* **Records to use**:
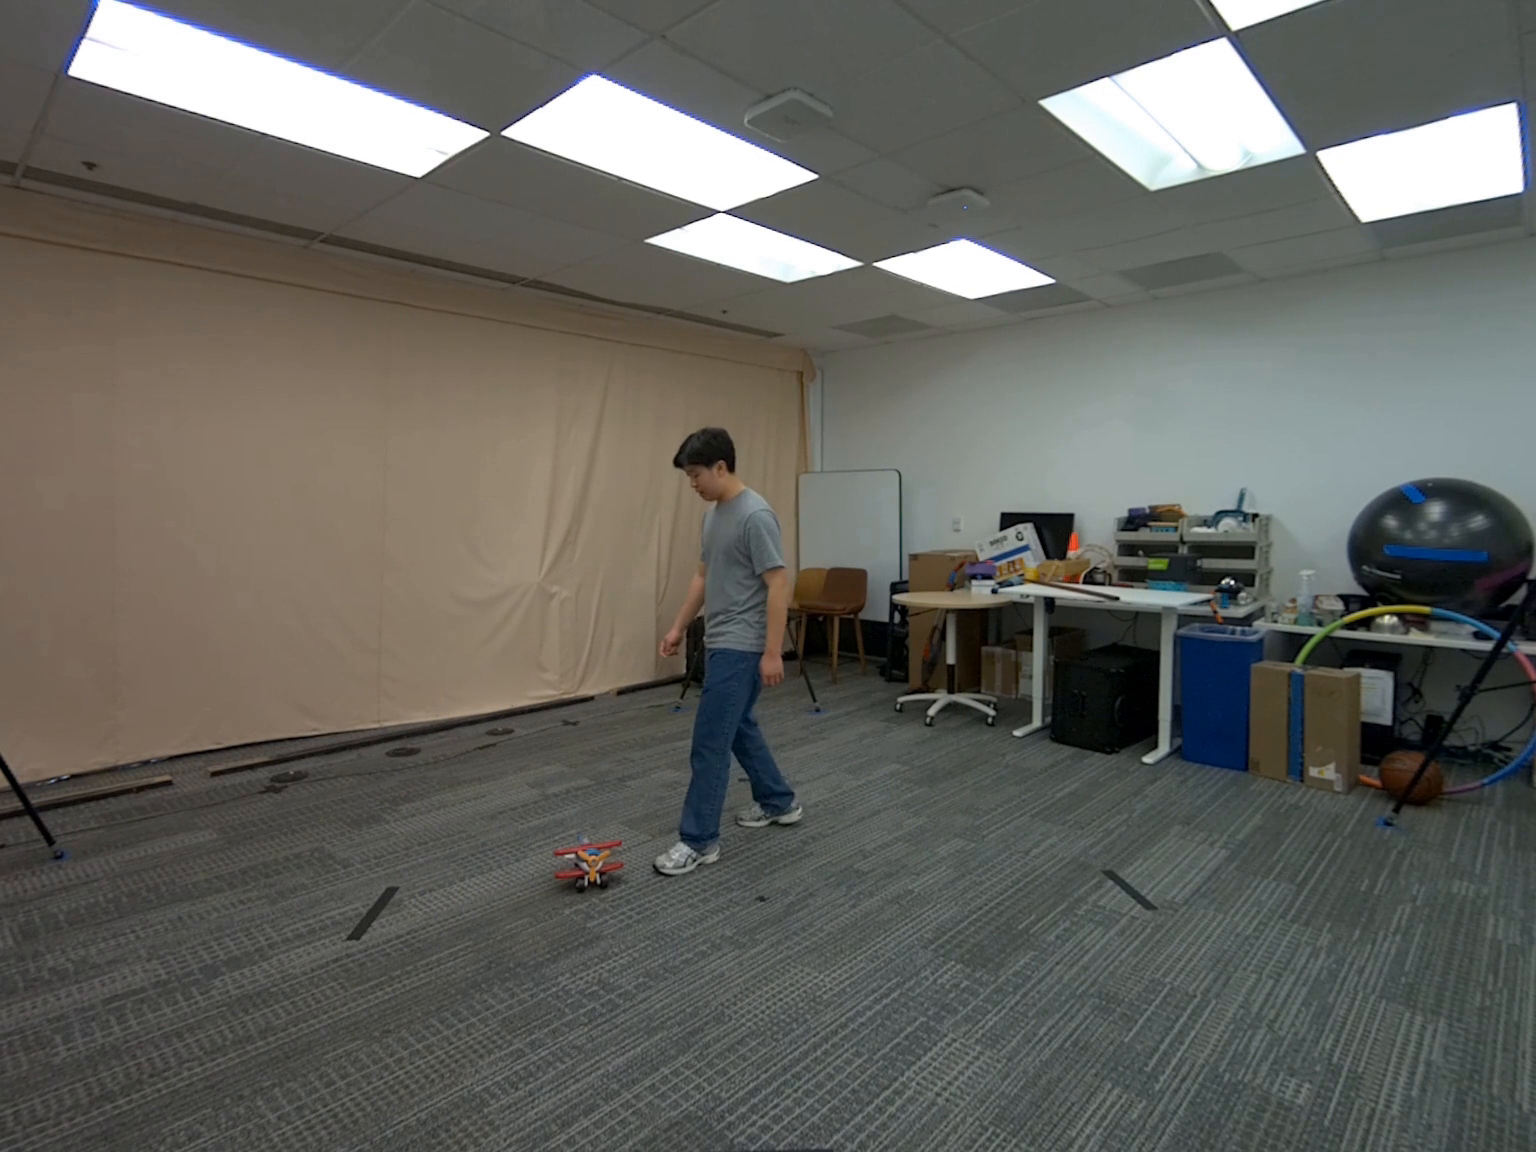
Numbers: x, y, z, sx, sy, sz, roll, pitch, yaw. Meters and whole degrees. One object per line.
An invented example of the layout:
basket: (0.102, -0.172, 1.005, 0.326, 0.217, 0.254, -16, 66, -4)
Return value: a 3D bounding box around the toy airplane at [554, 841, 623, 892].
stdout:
toy airplane: (-0.696, 1.066, 3.131, 0.268, 0.156, 0.243, 3, 5, 39)

* **Your assignment**:
Please set down each line of the listing above word for word, skipping any pictures.

* **Your response**:
Numbers: x, y, z, sx, sy, sz, roll, pitch, yaw. Meters and whole degrees. One object per line.
An invented example of the layout:
basket: (0.102, -0.172, 1.005, 0.326, 0.217, 0.254, -16, 66, -4)
Return value: a 3D bounding box around the toy airplane at [554, 841, 623, 892].
stdout:
toy airplane: (-0.696, 1.066, 3.131, 0.268, 0.156, 0.243, 3, 5, 39)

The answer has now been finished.